# Required work
Show every line below where "elements" can be found.

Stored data
• • • • • • •
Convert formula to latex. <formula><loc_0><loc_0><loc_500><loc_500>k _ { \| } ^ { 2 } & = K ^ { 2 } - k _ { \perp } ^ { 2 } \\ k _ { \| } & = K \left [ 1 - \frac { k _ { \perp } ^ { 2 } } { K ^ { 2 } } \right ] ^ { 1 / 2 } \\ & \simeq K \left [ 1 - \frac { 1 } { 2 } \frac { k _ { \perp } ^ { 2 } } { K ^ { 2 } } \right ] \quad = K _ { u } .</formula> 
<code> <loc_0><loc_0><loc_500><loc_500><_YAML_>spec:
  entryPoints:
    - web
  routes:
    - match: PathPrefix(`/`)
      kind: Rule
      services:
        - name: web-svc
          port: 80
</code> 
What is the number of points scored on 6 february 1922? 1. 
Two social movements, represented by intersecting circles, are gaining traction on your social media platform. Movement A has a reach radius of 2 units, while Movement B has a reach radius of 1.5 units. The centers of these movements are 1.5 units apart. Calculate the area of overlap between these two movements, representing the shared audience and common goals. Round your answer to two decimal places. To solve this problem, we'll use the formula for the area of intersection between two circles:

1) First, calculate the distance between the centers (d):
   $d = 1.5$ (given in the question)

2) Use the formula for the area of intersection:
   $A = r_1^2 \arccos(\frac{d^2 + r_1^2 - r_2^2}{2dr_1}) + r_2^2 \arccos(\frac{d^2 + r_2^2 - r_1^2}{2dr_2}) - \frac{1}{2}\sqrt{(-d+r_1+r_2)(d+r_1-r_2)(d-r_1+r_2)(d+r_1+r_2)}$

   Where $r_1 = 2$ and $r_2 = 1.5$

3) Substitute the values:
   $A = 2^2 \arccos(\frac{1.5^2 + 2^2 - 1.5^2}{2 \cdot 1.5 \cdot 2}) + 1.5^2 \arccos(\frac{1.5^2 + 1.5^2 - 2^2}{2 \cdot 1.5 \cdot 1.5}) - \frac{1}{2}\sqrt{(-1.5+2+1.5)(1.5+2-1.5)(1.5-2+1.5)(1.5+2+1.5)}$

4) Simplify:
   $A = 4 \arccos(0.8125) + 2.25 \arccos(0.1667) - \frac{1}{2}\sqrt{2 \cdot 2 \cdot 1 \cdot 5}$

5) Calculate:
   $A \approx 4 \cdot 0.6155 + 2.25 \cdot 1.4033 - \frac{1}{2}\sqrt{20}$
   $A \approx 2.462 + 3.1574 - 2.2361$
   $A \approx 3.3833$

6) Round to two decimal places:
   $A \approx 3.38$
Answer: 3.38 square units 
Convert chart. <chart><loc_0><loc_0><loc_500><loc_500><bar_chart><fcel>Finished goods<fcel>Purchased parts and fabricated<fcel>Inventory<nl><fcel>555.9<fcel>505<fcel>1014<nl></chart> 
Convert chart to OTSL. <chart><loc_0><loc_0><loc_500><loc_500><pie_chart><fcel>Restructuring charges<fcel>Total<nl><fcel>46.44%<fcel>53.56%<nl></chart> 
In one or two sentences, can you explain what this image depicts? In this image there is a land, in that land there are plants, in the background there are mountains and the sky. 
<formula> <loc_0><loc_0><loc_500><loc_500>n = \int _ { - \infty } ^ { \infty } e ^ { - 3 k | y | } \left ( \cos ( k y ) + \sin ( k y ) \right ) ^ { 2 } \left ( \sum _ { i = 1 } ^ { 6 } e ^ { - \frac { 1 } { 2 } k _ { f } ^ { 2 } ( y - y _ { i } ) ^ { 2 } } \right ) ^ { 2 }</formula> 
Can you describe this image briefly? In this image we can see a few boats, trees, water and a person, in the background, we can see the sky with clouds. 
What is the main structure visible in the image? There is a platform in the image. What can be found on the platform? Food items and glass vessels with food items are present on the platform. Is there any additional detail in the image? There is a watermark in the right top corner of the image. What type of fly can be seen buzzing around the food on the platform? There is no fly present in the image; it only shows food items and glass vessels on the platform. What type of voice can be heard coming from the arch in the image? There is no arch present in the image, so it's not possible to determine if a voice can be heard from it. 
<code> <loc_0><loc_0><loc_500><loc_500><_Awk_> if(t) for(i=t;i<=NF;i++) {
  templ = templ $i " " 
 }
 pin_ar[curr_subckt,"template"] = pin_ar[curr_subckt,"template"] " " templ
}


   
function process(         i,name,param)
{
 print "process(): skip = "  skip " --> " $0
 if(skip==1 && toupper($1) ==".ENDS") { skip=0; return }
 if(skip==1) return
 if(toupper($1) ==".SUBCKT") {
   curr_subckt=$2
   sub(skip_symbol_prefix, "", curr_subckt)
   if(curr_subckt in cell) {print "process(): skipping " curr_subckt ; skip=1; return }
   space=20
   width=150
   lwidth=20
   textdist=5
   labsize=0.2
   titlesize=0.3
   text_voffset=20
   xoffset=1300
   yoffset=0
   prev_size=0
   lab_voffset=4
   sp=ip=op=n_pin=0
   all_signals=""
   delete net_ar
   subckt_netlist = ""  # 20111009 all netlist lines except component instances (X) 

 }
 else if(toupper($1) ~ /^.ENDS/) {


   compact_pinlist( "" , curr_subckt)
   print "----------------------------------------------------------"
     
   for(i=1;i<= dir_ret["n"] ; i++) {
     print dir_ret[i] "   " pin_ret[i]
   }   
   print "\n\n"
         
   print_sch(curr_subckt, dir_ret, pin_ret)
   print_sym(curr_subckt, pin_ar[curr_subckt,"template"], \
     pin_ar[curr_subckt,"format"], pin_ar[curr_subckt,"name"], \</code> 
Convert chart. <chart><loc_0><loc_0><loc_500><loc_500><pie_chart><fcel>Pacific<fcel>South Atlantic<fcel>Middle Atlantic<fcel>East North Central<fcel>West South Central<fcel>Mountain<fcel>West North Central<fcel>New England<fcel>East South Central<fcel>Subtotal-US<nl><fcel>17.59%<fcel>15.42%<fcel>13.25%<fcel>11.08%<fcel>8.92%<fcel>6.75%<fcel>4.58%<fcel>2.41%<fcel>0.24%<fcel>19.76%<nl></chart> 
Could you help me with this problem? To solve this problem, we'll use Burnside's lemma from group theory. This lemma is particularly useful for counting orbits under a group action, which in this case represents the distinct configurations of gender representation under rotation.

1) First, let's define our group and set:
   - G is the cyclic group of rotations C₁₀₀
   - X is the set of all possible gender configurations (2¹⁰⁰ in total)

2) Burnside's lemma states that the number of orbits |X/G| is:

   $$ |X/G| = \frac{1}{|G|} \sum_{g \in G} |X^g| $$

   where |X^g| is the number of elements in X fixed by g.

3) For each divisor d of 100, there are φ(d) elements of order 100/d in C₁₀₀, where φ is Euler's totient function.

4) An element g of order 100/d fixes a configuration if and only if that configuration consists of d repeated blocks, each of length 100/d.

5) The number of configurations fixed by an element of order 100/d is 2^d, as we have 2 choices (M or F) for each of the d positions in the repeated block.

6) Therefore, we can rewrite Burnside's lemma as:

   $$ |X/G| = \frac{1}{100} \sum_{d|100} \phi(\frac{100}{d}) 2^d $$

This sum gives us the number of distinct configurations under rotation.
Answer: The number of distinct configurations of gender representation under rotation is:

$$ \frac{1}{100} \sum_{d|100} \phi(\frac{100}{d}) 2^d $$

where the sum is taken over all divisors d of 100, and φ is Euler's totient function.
• • • • • • •
# Exercise output
   where |X^g| is the number of elements in X fixed by g.
3) For each divisor d of 100, there are φ(d) elements of order 100/d in C₁₀₀, where φ is Euler's totient function.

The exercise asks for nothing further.